We focus on developing partnerships with community-based organizations to address the inequities in health outcomes among vulnerable populations throughout New York. We aim to foster a relationship characterized by mutuality, equality of status, clearly defined goals, and effective communication. Additionally, we aim to fully integrate key stakeholders in collaborative research and outreach programs that will generate new evidence and achieve health equity.
Social Determinants of Health Equity (SDOH)

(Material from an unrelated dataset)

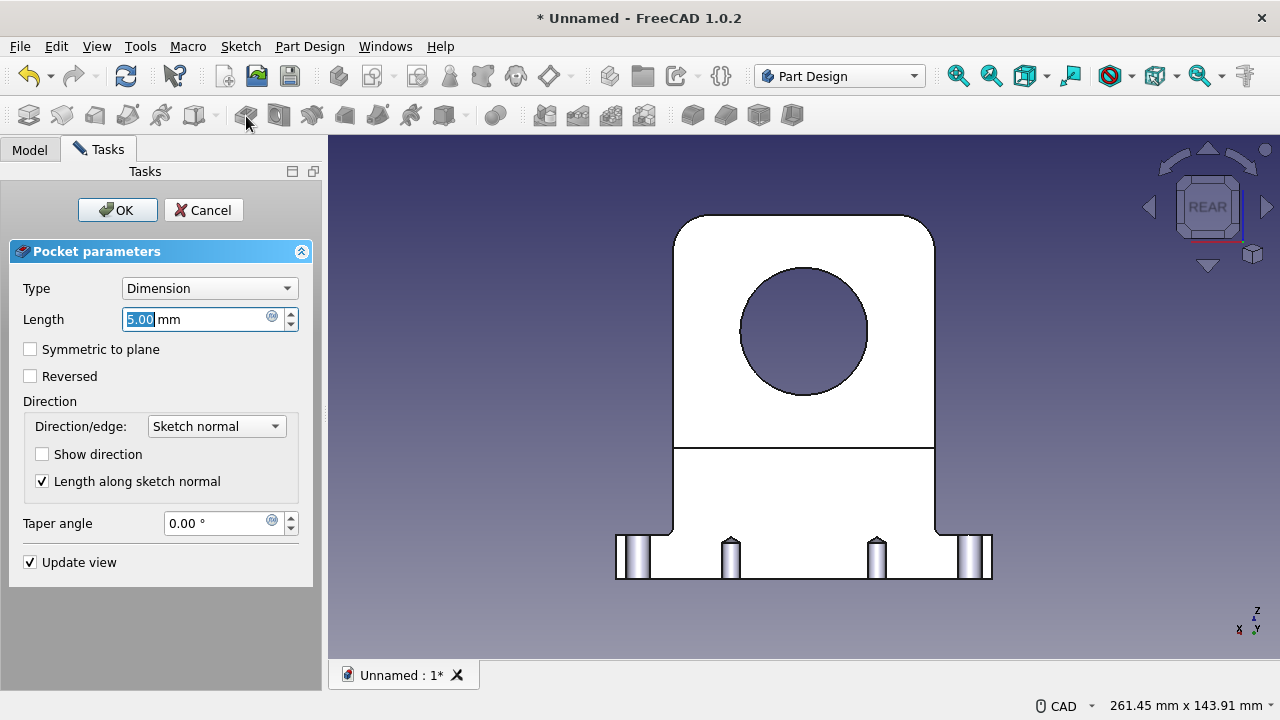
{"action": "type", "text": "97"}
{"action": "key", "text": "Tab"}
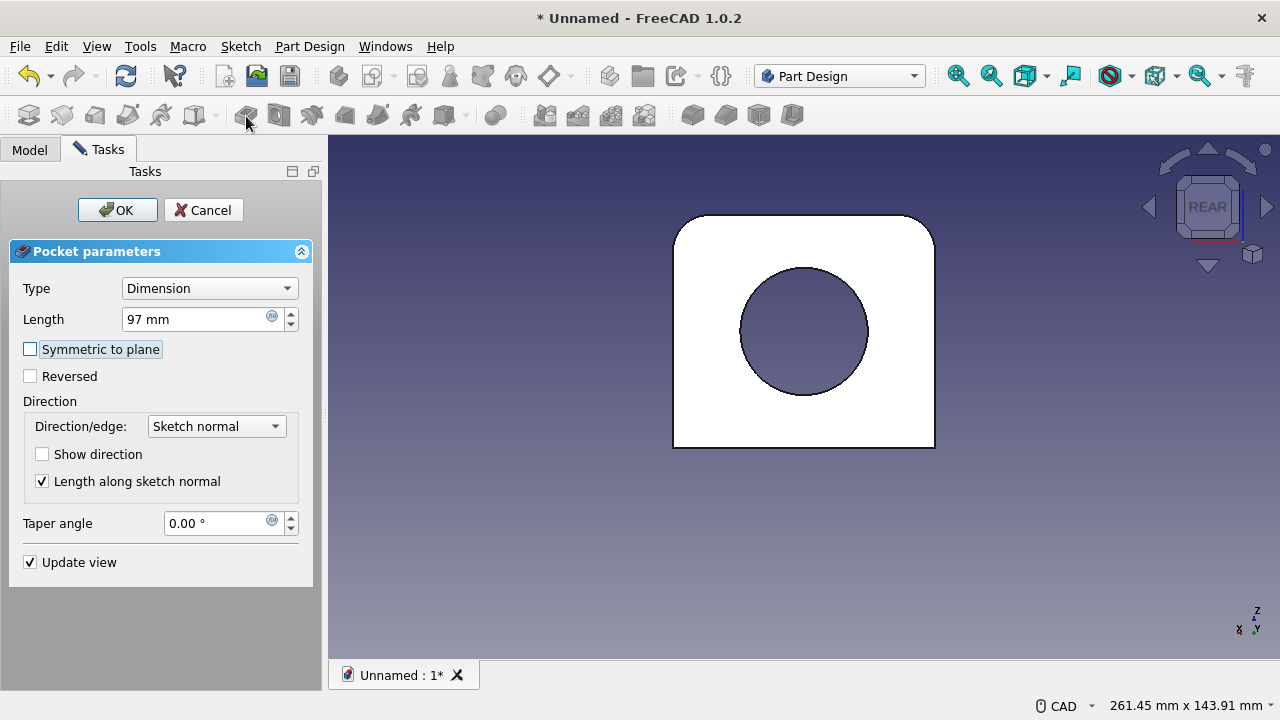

In many medical settings, patients’ health-related social and contextual needs – transportation, housing stability, food security, literacy – can be better identified and then responded to. Cornell’s Master of Public Health Program, Cayuga Health Partners (CHP) and the Care Connections Clinic have partnered to mentor CCHEq-affiliated students as they develop, pilot and evaluate a Social Determinants screening and referral tool. The aim is to expand this strategy to all primary care practices in the CHP’s network, with the ultimate goal of reducing health disparities by bringing attention to these needs and providing referrals that can assist patients. An Engaged Opportunity Grant from Cornell made this collaboration possible. Project Lead: Lara Parrilla, MPH
SDOH Form | SDOH Brochure | Financial Assistance | Childcare & Adult Ed Poster | Social Support Poster | Housing Flyer | Transportation Flyer | Food Resources
Under the guidance of this project’s community and academic partners, the students have developed six different posters to raise awareness of the social determinants of health, a brochure for patients with relevant community resources, and a screening tool. In 2021, the screening tool, referral system, and communication materials will be pilot tested, monitored, and evaluated. Cayuga Health Partners will also work with the Human Services Coalition of Tompkins County to integrate 2-1-1’s community services database into CHP’s data warehouse to power a patient-centered online resource directory for self-referrals. CHP also aims to onboard a small group of community-based organizations onto their new patient referral platform.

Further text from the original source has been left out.